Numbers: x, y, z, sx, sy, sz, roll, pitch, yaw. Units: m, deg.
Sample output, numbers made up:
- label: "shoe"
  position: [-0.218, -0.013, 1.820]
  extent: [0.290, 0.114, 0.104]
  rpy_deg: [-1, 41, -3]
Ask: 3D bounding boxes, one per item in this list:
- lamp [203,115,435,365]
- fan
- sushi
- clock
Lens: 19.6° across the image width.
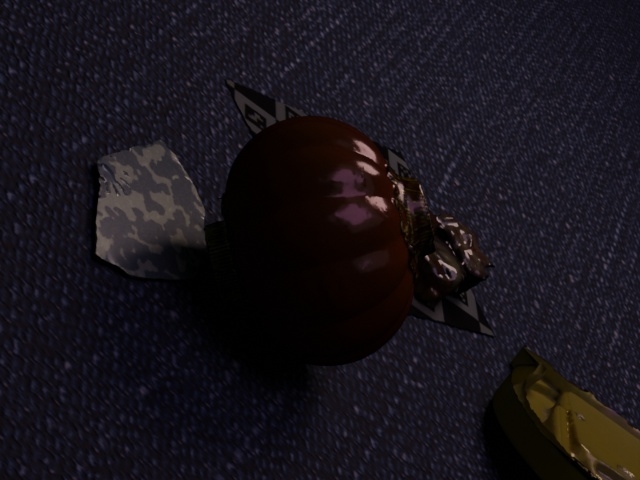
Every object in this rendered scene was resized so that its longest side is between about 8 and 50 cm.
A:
- label: "lamp"
  position: [0.000, 0.000, 1.621]
  extent: [0.223, 0.196, 0.223]
  rpy_deg: [-13, 90, -89]
- label: "fan"
  position: [-0.152, -0.024, 1.638]
  extent: [0.131, 0.009, 0.240]
  rpy_deg: [43, 25, -11]
- label: "sushi"
  position: [0.065, -0.048, 1.962]
  extent: [0.294, 0.059, 0.292]
  rpy_deg: [16, 38, -47]
- label: "clock"
  position: [0.286, 0.238, 1.874]
  extent: [0.277, 0.071, 0.293]
  rpy_deg: [37, 14, -2]
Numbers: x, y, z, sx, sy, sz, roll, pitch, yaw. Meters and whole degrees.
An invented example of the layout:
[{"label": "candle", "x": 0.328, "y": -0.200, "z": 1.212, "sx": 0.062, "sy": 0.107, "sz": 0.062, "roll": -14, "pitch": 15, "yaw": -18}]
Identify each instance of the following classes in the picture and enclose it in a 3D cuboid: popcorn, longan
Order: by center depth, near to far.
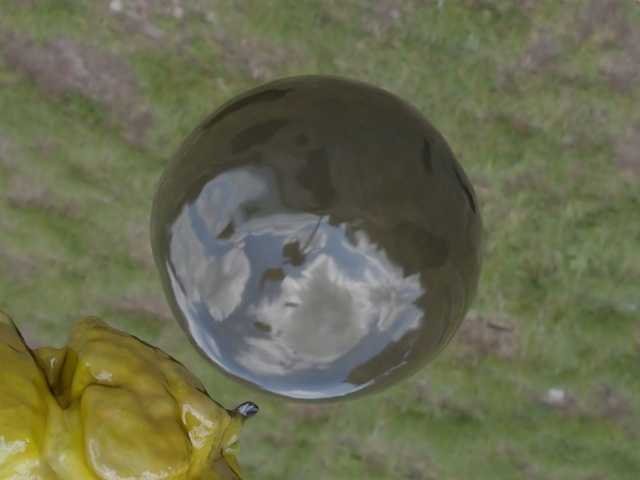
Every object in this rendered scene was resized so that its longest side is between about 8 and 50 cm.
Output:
[{"label": "popcorn", "x": -0.099, "y": 0.100, "z": 0.599, "sx": 0.148, "sy": 0.152, "sz": 0.167, "roll": 42, "pitch": 163, "yaw": 36}, {"label": "longan", "x": 0.000, "y": 0.000, "z": 1.314, "sx": 0.318, "sy": 0.319, "sz": 0.319, "roll": 14, "pitch": 151, "yaw": 8}]

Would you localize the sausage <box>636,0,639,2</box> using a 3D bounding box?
[{"label": "sausage", "x": 0.341, "y": -0.239, "z": 1.300, "sx": 0.129, "sy": 0.034, "sz": 0.034, "roll": -4, "pitch": 145, "yaw": 42}]
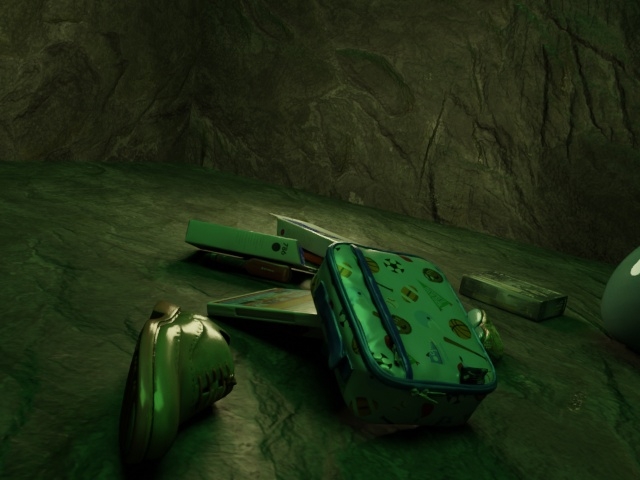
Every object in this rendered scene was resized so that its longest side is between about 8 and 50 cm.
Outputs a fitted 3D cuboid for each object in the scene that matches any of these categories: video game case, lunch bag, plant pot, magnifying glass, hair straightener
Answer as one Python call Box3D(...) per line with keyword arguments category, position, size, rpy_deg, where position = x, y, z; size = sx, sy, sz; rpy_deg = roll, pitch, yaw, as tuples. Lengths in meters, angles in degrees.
Box3D(category="video game case", position=(-0.037, 0.120, 1.115), size=(0.285, 0.025, 0.204), rpy_deg=(1, 5, 36))
Box3D(category="lunch bag", position=(0.112, 0.135, 0.906), size=(0.243, 0.115, 0.303), rpy_deg=(13, 34, -27))
Box3D(category="plant pot", position=(0.777, 0.152, 1.413), size=(0.290, 0.291, 0.195), rpy_deg=(6, -24, -25))
Box3D(category="magnifying glass", position=(-0.080, 0.029, 1.735), size=(0.230, 0.026, 0.092), rpy_deg=(17, 12, 35))
Box3D(category="hair straightener", position=(-0.177, 0.065, 1.443), size=(0.230, 0.047, 0.089), rpy_deg=(7, -6, 10))

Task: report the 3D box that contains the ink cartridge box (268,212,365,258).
Box3D(category="ink cartridge box", position=(0.000, 0.000, 1.780), size=(0.175, 0.069, 0.370), rpy_deg=(13, 9, -37))

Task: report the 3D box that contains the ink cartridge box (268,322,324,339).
Box3D(category="ink cartridge box", position=(-0.007, 0.145, 1.168), size=(0.179, 0.045, 0.145), rpy_deg=(12, 10, -6))

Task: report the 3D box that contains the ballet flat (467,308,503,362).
Box3D(category="ballet flat", position=(0.328, 0.196, 1.223), size=(0.067, 0.073, 0.206), rpy_deg=(39, 16, 1))

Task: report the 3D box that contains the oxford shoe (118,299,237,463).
Box3D(category="oxford shoe", position=(-0.163, 0.159, 0.750), size=(0.130, 0.123, 0.348), rpy_deg=(15, 11, -10))

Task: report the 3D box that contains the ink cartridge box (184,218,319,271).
Box3D(category="ink cartridge box", position=(-0.152, 0.019, 1.501), size=(0.332, 0.065, 0.165), rpy_deg=(13, -7, 4))

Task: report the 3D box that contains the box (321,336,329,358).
Box3D(category="box", position=(0.128, 0.180, 1.071), size=(0.244, 0.060, 0.100), rpy_deg=(2, 13, -37))

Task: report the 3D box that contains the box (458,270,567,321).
Box3D(category="box", position=(0.521, 0.145, 1.643), size=(0.230, 0.056, 0.183), rpy_deg=(20, 15, 39))
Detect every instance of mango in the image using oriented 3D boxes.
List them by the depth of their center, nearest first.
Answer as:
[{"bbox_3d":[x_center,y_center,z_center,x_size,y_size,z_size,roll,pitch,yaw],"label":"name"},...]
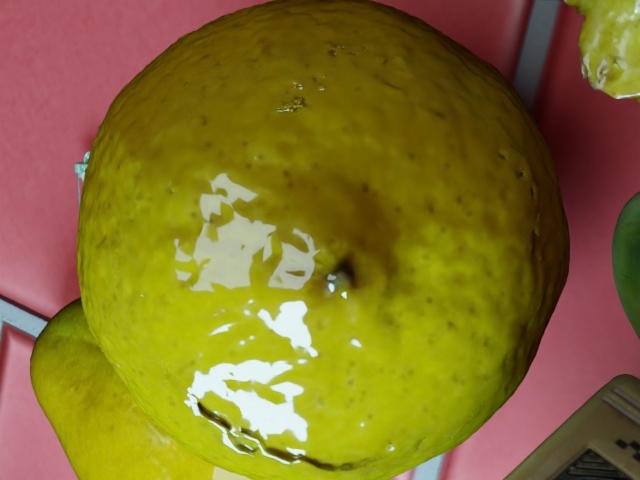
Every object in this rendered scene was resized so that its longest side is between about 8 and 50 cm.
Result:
[{"bbox_3d":[-0.095,0.127,0.949,0.317,0.119,0.176,30,113,38],"label":"mango"}]

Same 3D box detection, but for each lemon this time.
[{"bbox_3d":[0.000,0.000,0.770,0.293,0.293,0.293,4,96,34],"label":"lemon"}]

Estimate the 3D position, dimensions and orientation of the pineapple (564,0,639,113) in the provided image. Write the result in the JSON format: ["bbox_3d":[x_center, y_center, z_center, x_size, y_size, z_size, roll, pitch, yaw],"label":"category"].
[{"bbox_3d":[0.254,-0.059,0.666,0.250,0.140,0.164,-6,87,36],"label":"pineapple"}]

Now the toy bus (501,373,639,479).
[{"bbox_3d":[0.226,0.243,0.660,0.365,0.202,0.177,35,127,25],"label":"toy bus"}]

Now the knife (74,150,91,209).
[{"bbox_3d":[-0.112,-0.027,0.994,0.166,0.023,0.078,0,101,36],"label":"knife"}]

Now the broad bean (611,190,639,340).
[{"bbox_3d":[0.246,0.039,0.725,0.207,0.072,0.153,37,131,24],"label":"broad bean"}]
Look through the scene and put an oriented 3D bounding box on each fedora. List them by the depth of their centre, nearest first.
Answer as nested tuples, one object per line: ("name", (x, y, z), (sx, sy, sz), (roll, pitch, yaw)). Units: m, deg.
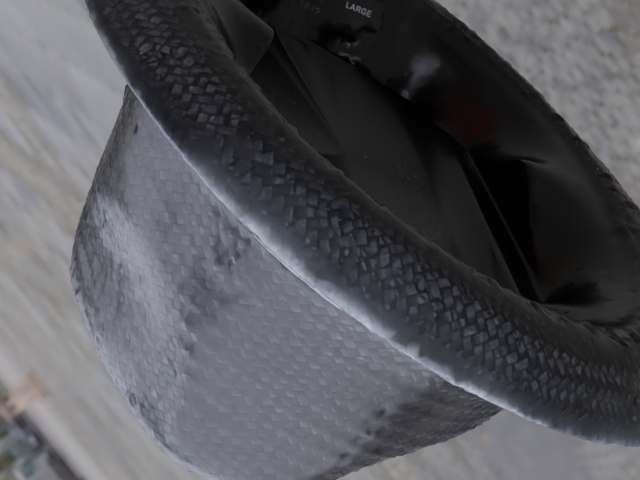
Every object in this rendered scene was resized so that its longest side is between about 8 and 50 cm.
("fedora", (0.000, 0.000, 0.672), (0.334, 0.152, 0.334), (33, -158, -15))

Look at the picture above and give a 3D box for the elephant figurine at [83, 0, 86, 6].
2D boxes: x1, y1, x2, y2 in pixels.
("elephant figurine", (-0.139, -0.245, 1.320), (0.186, 0.239, 0.169), (20, -147, -49))
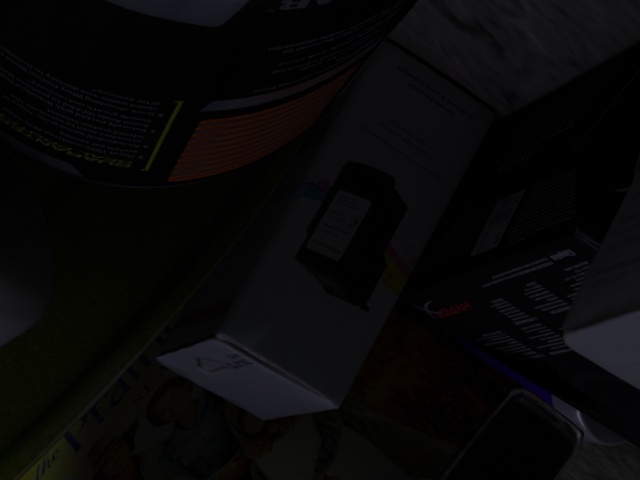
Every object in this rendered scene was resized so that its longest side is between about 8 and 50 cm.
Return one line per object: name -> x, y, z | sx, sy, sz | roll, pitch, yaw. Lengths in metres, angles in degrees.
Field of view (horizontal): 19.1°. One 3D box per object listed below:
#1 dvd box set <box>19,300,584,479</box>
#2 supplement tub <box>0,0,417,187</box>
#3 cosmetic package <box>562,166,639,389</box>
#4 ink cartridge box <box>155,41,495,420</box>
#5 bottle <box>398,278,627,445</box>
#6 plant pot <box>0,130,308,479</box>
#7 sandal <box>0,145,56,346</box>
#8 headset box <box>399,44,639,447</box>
dvd box set -> -0.065, 0.140, 1.084 | 0.062, 0.307, 0.420 | 40, 178, -29
supplement tub -> -0.051, -0.129, 0.643 | 0.194, 0.193, 0.316 | 30, 163, -6
cosmetic package -> 0.219, 0.010, 0.692 | 0.184, 0.151, 0.151 | 31, 164, -9
ink cartridge box -> 0.000, 0.000, 0.975 | 0.072, 0.175, 0.127 | 32, 163, -12
bottle -> 0.079, 0.072, 1.162 | 0.092, 0.118, 0.283 | 40, 161, -33
plant pot -> -0.256, -0.064, 0.974 | 0.353, 0.366, 0.366 | 44, 160, -12
sandal -> -0.265, -0.084, 0.645 | 0.416, 0.102, 0.169 | 43, -167, -20
headset box -> 0.213, 0.045, 0.881 | 0.293, 0.110, 0.218 | 32, 164, -9
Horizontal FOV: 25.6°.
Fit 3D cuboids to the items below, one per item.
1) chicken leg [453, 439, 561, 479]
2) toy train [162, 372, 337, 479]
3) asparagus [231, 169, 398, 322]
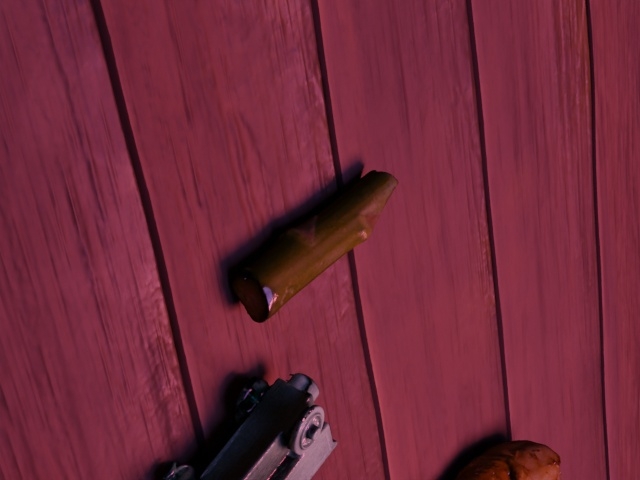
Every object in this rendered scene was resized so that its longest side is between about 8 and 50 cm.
[{"bbox_3d":[0.159,0.262,1.350,0.227,0.088,0.103,-26,136,-50],"label":"chicken leg"},{"bbox_3d":[-0.053,0.177,1.050,0.172,0.070,0.099,-49,148,-30],"label":"toy train"},{"bbox_3d":[0.000,0.000,1.076,0.045,0.041,0.178,49,51,2],"label":"asparagus"}]
########
• _EXERCISE REQUIREMENTS_: Whenever the string "below" shows up in a line of the records, that line counts; state how many lines count, and only that.

• _EXERCISE RESPONSE_: 2